--- Provided material Enclosed Below ---

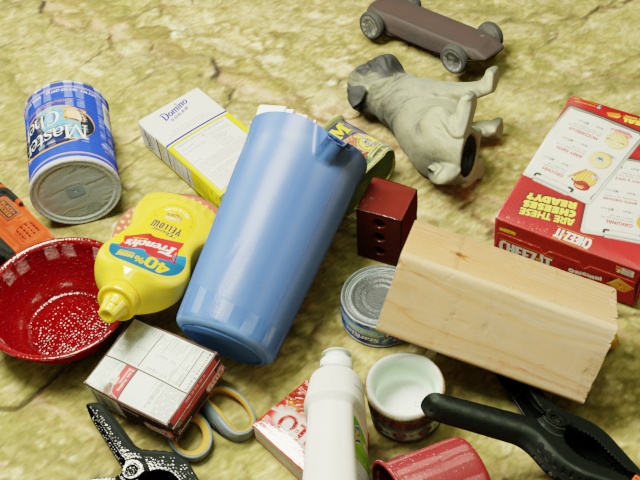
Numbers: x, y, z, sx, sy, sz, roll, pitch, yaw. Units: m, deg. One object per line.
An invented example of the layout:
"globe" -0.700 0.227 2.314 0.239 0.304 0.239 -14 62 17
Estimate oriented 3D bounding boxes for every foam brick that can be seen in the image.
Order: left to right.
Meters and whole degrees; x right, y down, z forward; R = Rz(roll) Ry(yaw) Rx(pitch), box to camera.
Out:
"foam brick" 0.072 -0.020 1.158 0.053 0.078 0.051 17 52 18

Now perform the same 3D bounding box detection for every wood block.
"wood block" 0.169 0.066 1.023 0.206 0.090 0.090 20 26 6

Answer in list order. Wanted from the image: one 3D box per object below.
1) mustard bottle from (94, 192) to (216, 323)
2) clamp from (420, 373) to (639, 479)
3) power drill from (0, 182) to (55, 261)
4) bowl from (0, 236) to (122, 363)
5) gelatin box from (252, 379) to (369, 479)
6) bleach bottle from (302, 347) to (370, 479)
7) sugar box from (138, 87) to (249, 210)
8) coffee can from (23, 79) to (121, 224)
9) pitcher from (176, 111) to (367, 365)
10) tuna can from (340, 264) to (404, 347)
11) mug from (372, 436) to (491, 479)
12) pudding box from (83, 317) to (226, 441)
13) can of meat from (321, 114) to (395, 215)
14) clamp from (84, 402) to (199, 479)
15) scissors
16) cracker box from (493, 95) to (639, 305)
"mustard bottle" -0.176 0.023 1.094 0.096 0.058 0.191 23 36 5
"clamp" 0.209 0.171 0.990 0.210 0.036 0.164 30 29 14
"power drill" -0.418 0.002 1.199 0.187 0.057 0.185 -38 56 -24
"bowl" -0.271 0.074 1.126 0.162 0.055 0.162 -3 49 3
"gelatin box" -0.009 0.186 1.021 0.073 0.030 0.089 -37 56 -24
"bleach bottle" 0.016 0.213 0.936 0.068 0.102 0.251 -6 53 10
"sugar box" -0.130 -0.107 1.274 0.093 0.048 0.176 -33 51 -21
"coffee can" -0.291 -0.104 1.248 0.102 0.103 0.140 -13 50 -5
"pitcher" -0.057 0.001 1.105 0.145 0.149 0.242 14 69 23
"tuna can" 0.063 0.067 1.113 0.086 0.034 0.086 -3 49 3
"mug" 0.097 0.221 0.952 0.081 0.093 0.117 -18 18 -16
"pudding box" -0.163 0.135 1.055 0.114 0.039 0.090 21 59 27
"can of meat" 0.025 -0.086 1.233 0.084 0.057 0.102 33 60 25
"clamp" -0.185 0.229 0.996 0.172 0.039 0.120 23 57 23
"scissors" -0.152 0.150 1.075 0.202 0.016 0.096 30 59 27
"cracker box" 0.306 -0.049 1.165 0.164 0.072 0.213 21 56 22
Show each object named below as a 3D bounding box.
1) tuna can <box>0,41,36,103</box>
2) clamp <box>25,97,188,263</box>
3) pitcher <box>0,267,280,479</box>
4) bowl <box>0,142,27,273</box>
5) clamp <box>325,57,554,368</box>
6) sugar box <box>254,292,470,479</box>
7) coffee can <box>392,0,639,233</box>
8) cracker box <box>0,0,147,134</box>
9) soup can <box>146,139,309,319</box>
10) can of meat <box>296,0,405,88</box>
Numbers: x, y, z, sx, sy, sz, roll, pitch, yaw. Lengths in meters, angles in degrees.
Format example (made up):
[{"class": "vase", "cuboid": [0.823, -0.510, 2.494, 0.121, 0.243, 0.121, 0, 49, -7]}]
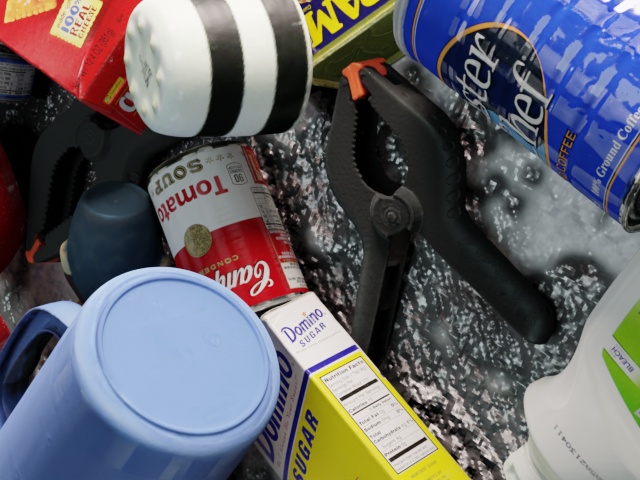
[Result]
[{"class": "tuna can", "cuboid": [-0.240, -0.122, 0.736, 0.086, 0.085, 0.034, 23, 105, 32]}, {"class": "clamp", "cuboid": [-0.143, -0.077, 0.700, 0.165, 0.036, 0.210, 50, 115, 24]}, {"class": "pitcher", "cuboid": [-0.123, 0.112, 0.604, 0.149, 0.145, 0.243, 26, 136, -11]}, {"class": "bowl", "cuboid": [-0.247, -0.040, 0.741, 0.162, 0.055, 0.162, 49, 152, 38]}, {"class": "clamp", "cuboid": [0.041, -0.008, 0.569, 0.120, 0.039, 0.171, -25, 86, 30]}, {"class": "sugar box", "cuboid": [0.021, 0.123, 0.579, 0.176, 0.048, 0.093, 46, 139, 22]}, {"class": "coffee can", "cuboid": [0.117, -0.086, 0.476, 0.140, 0.102, 0.103, 44, 116, 24]}, {"class": "cracker box", "cuboid": [-0.148, -0.189, 0.647, 0.214, 0.072, 0.164, 36, 93, 27]}, {"class": "soup can", "cuboid": [-0.054, 0.001, 0.625, 0.069, 0.068, 0.102, -30, 76, 33]}, {"class": "can of meat", "cuboid": [0.024, -0.143, 0.566, 0.102, 0.057, 0.084, -30, 74, 33]}]

--- End of Enclosed Provided material ---

| Brief |
Print the material exactly as given, but not the pictures.

| Task answer |
Numbers: x, y, z, sx, sy, sz, roll, pitch, yaw. Units: m, deg. One object per line.
An invented example of the layout:
"globe" -0.700 0.227 2.314 0.239 0.304 0.239 -14 62 17
Estimate oriented 3D bounding boxes for every foam brick that can be seen in the image.
Order: left to right.
Meters and whole degrees; x right, y down, z forward; R = Rz(roll) Ry(yaw) Rx(pitch), box to camera.
Out:
"foam brick" 0.072 -0.020 1.158 0.053 0.078 0.051 17 52 18

Now perform the same 3D bounding box detection for every wood block.
"wood block" 0.169 0.066 1.023 0.206 0.090 0.090 20 26 6

Answer in list order. Wanted from the image: one 3D box per object below.
1) mustard bottle from (94, 192) to (216, 323)
2) clamp from (420, 373) to (639, 479)
3) power drill from (0, 182) to (55, 261)
4) bowl from (0, 236) to (122, 363)
5) gelatin box from (252, 379) to (369, 479)
6) bleach bottle from (302, 347) to (370, 479)
7) sugar box from (138, 87) to (249, 210)
8) coffee can from (23, 79) to (121, 224)
9) pitcher from (176, 111) to (367, 365)
10) tuna can from (340, 264) to (404, 347)
11) mug from (372, 436) to (491, 479)
12) pudding box from (83, 317) to (226, 441)
13) can of meat from (321, 114) to (395, 215)
14) clamp from (84, 402) to (199, 479)
15) scissors
16) cracker box from (493, 95) to (639, 305)
"mustard bottle" -0.176 0.023 1.094 0.096 0.058 0.191 23 36 5
"clamp" 0.209 0.171 0.990 0.210 0.036 0.164 30 29 14
"power drill" -0.418 0.002 1.199 0.187 0.057 0.185 -38 56 -24
"bowl" -0.271 0.074 1.126 0.162 0.055 0.162 -3 49 3
"gelatin box" -0.009 0.186 1.021 0.073 0.030 0.089 -37 56 -24
"bleach bottle" 0.016 0.213 0.936 0.068 0.102 0.251 -6 53 10
"sugar box" -0.130 -0.107 1.274 0.093 0.048 0.176 -33 51 -21
"coffee can" -0.291 -0.104 1.248 0.102 0.103 0.140 -13 50 -5
"pitcher" -0.057 0.001 1.105 0.145 0.149 0.242 14 69 23
"tuna can" 0.063 0.067 1.113 0.086 0.034 0.086 -3 49 3
"mug" 0.097 0.221 0.952 0.081 0.093 0.117 -18 18 -16
"pudding box" -0.163 0.135 1.055 0.114 0.039 0.090 21 59 27
"can of meat" 0.025 -0.086 1.233 0.084 0.057 0.102 33 60 25
"clamp" -0.185 0.229 0.996 0.172 0.039 0.120 23 57 23
"scissors" -0.152 0.150 1.075 0.202 0.016 0.096 30 59 27
"cracker box" 0.306 -0.049 1.165 0.164 0.072 0.213 21 56 22
Show each object named below as a 3D bounding box.
1) tuna can <box>0,41,36,103</box>
2) clamp <box>25,97,188,263</box>
3) pitcher <box>0,267,280,479</box>
4) bowl <box>0,142,27,273</box>
5) clamp <box>325,57,554,368</box>
6) sugar box <box>254,292,470,479</box>
7) coffee can <box>392,0,639,233</box>
8) cracker box <box>0,0,147,134</box>
9) soup can <box>146,139,309,319</box>
10) can of meat <box>296,0,405,88</box>
Numbers: x, y, z, sx, sy, sz, roll, pitch, yaw. Lengths in meters, angles in degrees.
Format example (made up):
[{"class": "vase", "cuboid": [0.823, -0.510, 2.494, 0.121, 0.243, 0.121, 0, 49, -7]}]
[Result]
[{"class": "tuna can", "cuboid": [-0.240, -0.122, 0.736, 0.086, 0.085, 0.034, 23, 105, 32]}, {"class": "clamp", "cuboid": [-0.143, -0.077, 0.700, 0.165, 0.036, 0.210, 50, 115, 24]}, {"class": "pitcher", "cuboid": [-0.123, 0.112, 0.604, 0.149, 0.145, 0.243, 26, 136, -11]}, {"class": "bowl", "cuboid": [-0.247, -0.040, 0.741, 0.162, 0.055, 0.162, 49, 152, 38]}, {"class": "clamp", "cuboid": [0.041, -0.008, 0.569, 0.120, 0.039, 0.171, -25, 86, 30]}, {"class": "sugar box", "cuboid": [0.021, 0.123, 0.579, 0.176, 0.048, 0.093, 46, 139, 22]}, {"class": "coffee can", "cuboid": [0.117, -0.086, 0.476, 0.140, 0.102, 0.103, 44, 116, 24]}, {"class": "cracker box", "cuboid": [-0.148, -0.189, 0.647, 0.214, 0.072, 0.164, 36, 93, 27]}, {"class": "soup can", "cuboid": [-0.054, 0.001, 0.625, 0.069, 0.068, 0.102, -30, 76, 33]}, {"class": "can of meat", "cuboid": [0.024, -0.143, 0.566, 0.102, 0.057, 0.084, -30, 74, 33]}]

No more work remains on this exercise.